Jörg und Eva Saur leiten eines von zwölf Tantra-Studios in München. Die Stadt München setzt diese Studios mit Bordellen gleich. Bei den Saurs gebe es zwar Orgasmen, sagen sie – Sex sei aber tabu. Ein Besuch.

Von Lisa Marie Wimmer

„Wir müssen uns privat wieder öfter massieren“, flüstert Jörg Saur seiner Frau Eva ins Ohr, während er ihr mit seinem mit warmem Öl getränkten Unterarm den Rücken entlang streicht. Sie lächelt entspannt und lässt sich noch ein Stückchen weiter in die große weiße Matratze am Boden sinken. Er ist mit seinem ganzen Körper ganz nah bei ihr, beide sind nackt, haben lediglich ihren Lendenbereich mit Tüchern abgedeckt.
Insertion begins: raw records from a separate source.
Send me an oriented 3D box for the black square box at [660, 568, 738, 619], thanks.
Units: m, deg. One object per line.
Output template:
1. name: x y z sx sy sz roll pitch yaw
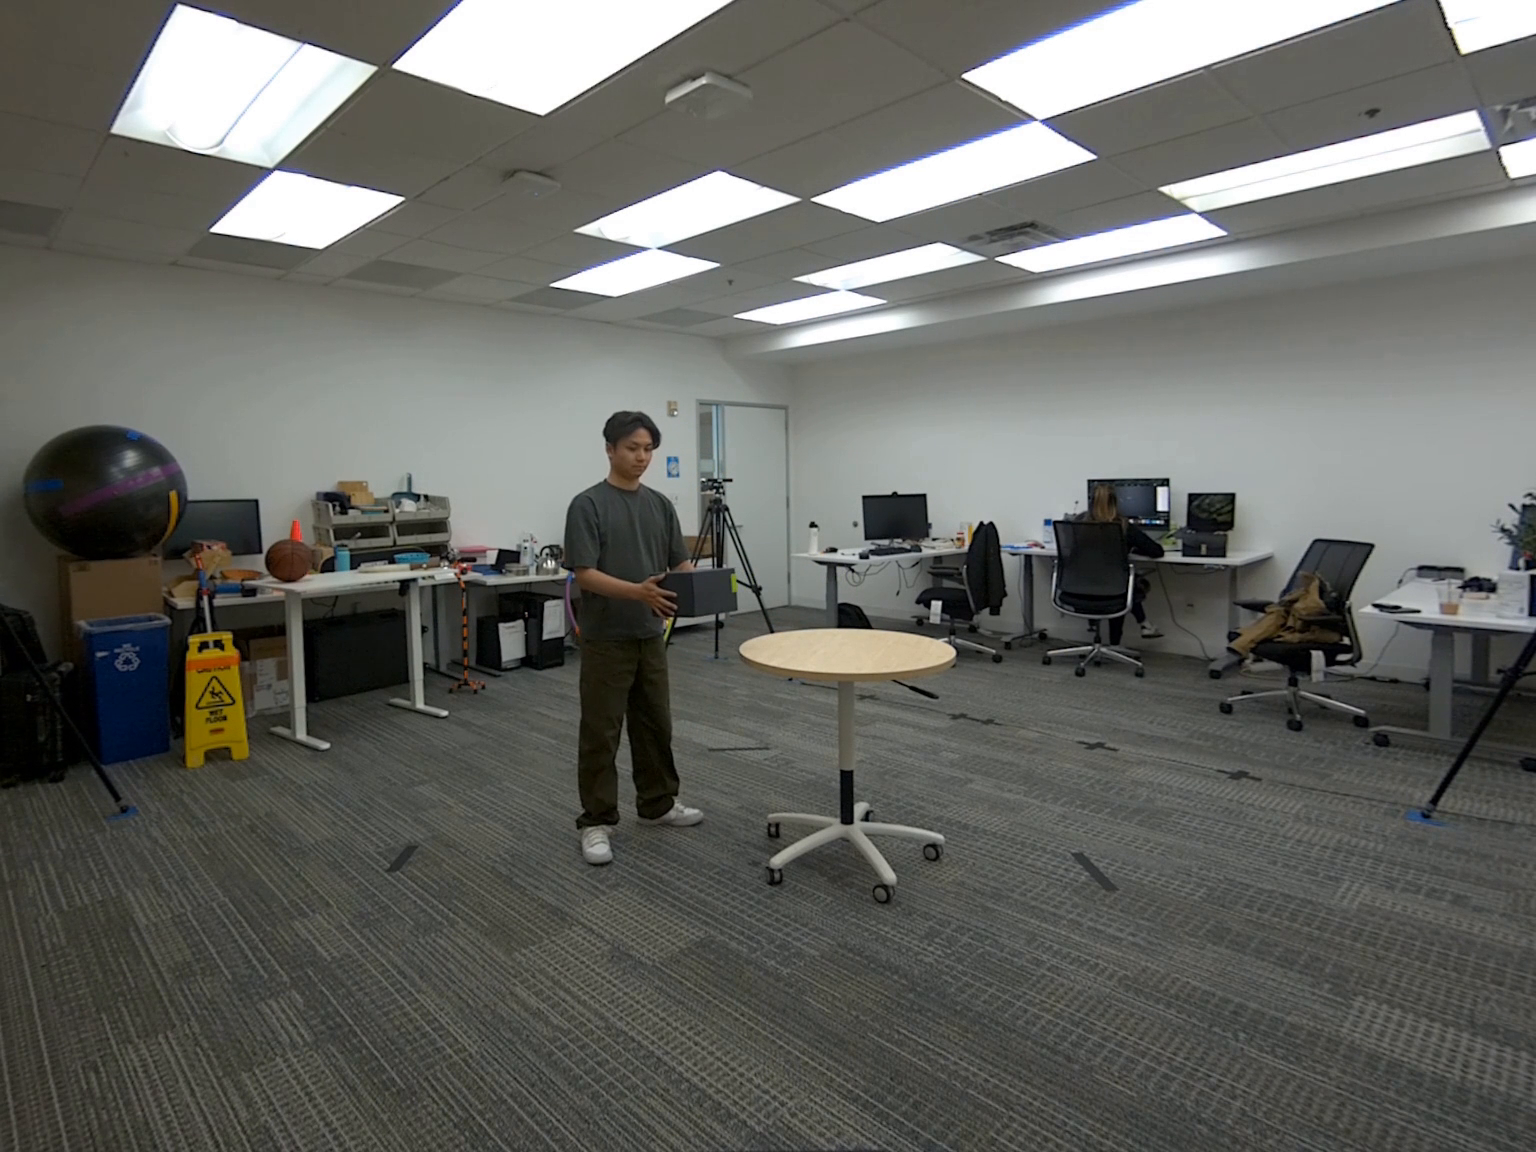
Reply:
1. black square box: -0.253 0.056 3.042 0.234 0.156 0.211 -3 1 42

Das Licht ist abgedunkelt, um sie herum hängen Spiegel, Kerzen brennen, der Raum duftet nach Sandelholz. Jörg Saur gibt seiner Frau gerade in dem Studio, das die beiden vor einem halben Jahr übernommen haben, eine Tantra-Massage. Dass sie sich gegenseitig massieren, ist eher die Ausnahme. In der Regel kümmern sich die beiden um ihre Kundinnen und Kunden. Ihnen geben sie Seminare, beraten bei Sexualthemen und bieten Ganzkörper-Tantra-Massagen – und das bis hin zum Höhepunkt.